Extracted material >>

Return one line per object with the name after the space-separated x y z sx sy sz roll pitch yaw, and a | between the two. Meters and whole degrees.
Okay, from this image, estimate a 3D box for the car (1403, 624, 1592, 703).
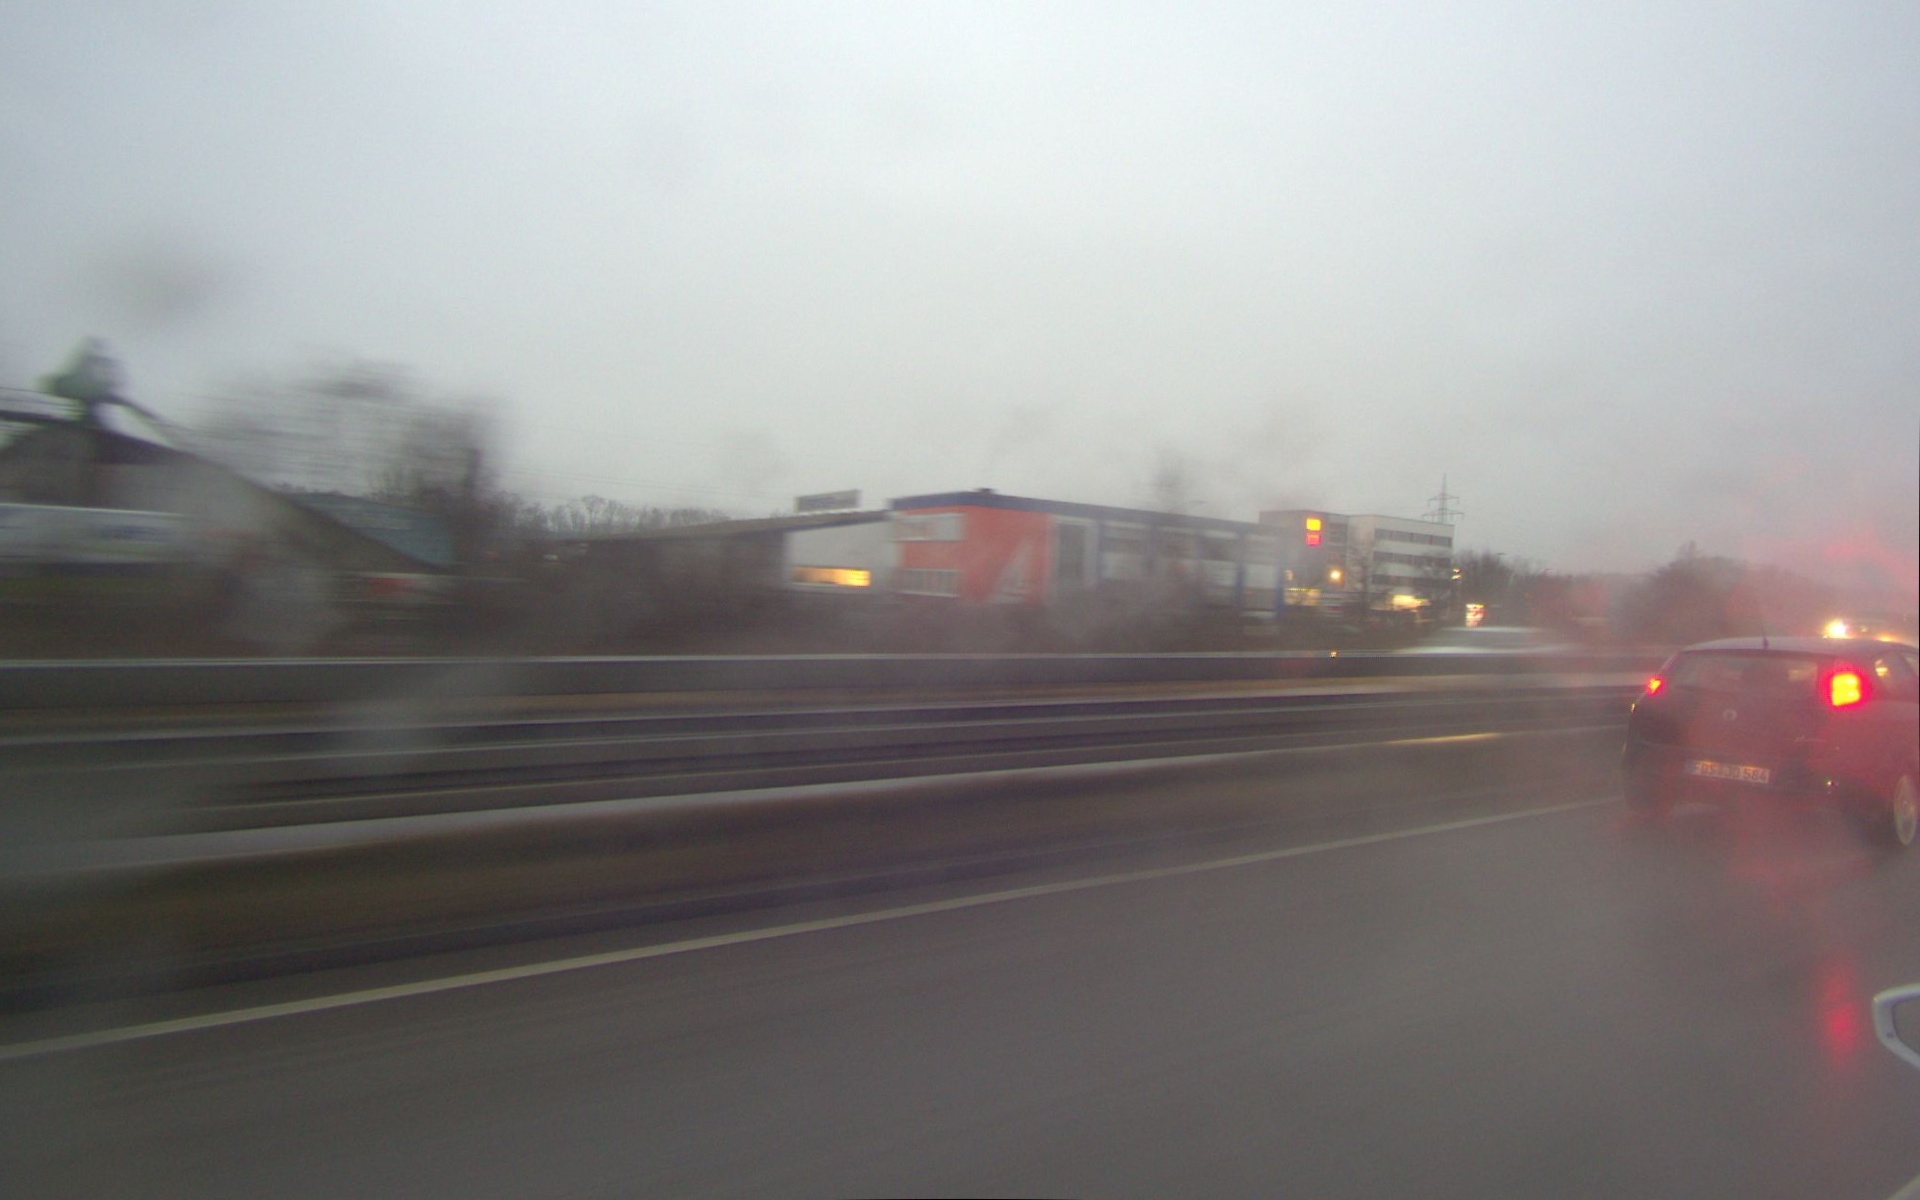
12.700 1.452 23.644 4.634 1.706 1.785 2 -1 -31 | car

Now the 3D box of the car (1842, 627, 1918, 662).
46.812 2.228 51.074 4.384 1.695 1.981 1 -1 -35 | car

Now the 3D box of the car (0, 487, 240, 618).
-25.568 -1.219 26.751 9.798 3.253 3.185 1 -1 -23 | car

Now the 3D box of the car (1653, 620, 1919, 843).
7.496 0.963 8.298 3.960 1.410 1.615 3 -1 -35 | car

---

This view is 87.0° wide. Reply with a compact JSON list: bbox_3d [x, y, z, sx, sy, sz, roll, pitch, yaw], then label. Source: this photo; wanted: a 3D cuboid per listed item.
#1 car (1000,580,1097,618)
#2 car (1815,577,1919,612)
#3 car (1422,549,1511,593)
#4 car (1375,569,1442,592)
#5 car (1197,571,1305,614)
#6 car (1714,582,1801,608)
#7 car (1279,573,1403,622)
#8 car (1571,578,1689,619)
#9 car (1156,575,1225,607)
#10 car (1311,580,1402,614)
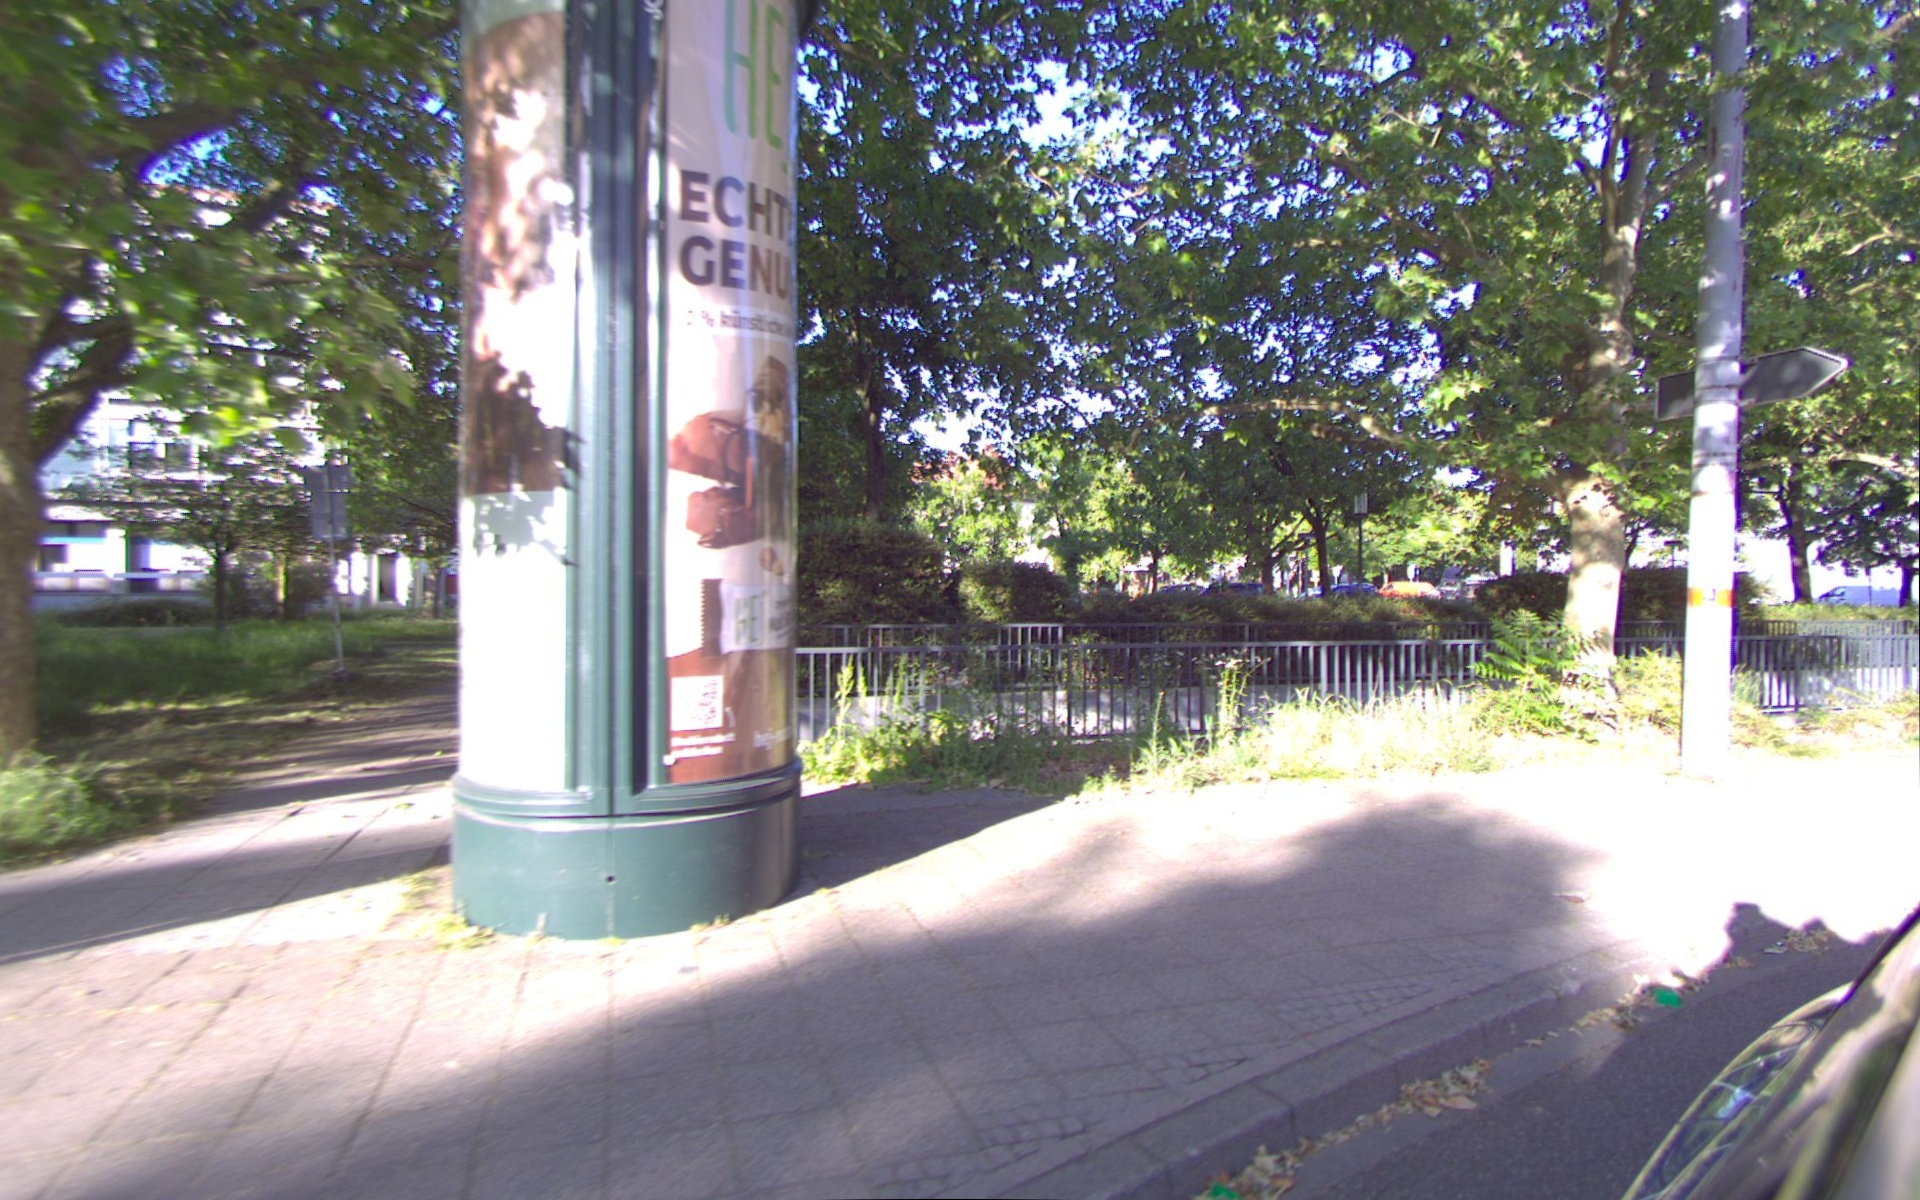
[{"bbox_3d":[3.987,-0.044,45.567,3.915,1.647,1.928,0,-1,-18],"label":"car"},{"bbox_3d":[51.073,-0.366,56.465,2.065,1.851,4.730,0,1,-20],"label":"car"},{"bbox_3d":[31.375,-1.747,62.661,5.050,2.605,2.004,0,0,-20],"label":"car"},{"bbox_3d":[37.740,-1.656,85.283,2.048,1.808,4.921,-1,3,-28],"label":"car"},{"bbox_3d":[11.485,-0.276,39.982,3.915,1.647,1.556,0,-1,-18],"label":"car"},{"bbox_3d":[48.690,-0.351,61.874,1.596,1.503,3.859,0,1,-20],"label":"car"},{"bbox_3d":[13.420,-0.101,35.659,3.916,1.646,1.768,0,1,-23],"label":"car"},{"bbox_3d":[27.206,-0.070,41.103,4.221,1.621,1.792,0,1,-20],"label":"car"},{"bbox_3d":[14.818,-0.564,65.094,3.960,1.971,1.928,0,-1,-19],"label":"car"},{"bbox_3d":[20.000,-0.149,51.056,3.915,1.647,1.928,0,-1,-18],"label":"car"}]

Brief >>
From the records above, retype only the lines starting at the line that contains "#4 car (1375,569,1442,592)" and ending at the line that contains "#9 car (1156,575,1225,607)", both included.

Exercise response >>
#4 car (1375,569,1442,592)
#5 car (1197,571,1305,614)
#6 car (1714,582,1801,608)
#7 car (1279,573,1403,622)
#8 car (1571,578,1689,619)
#9 car (1156,575,1225,607)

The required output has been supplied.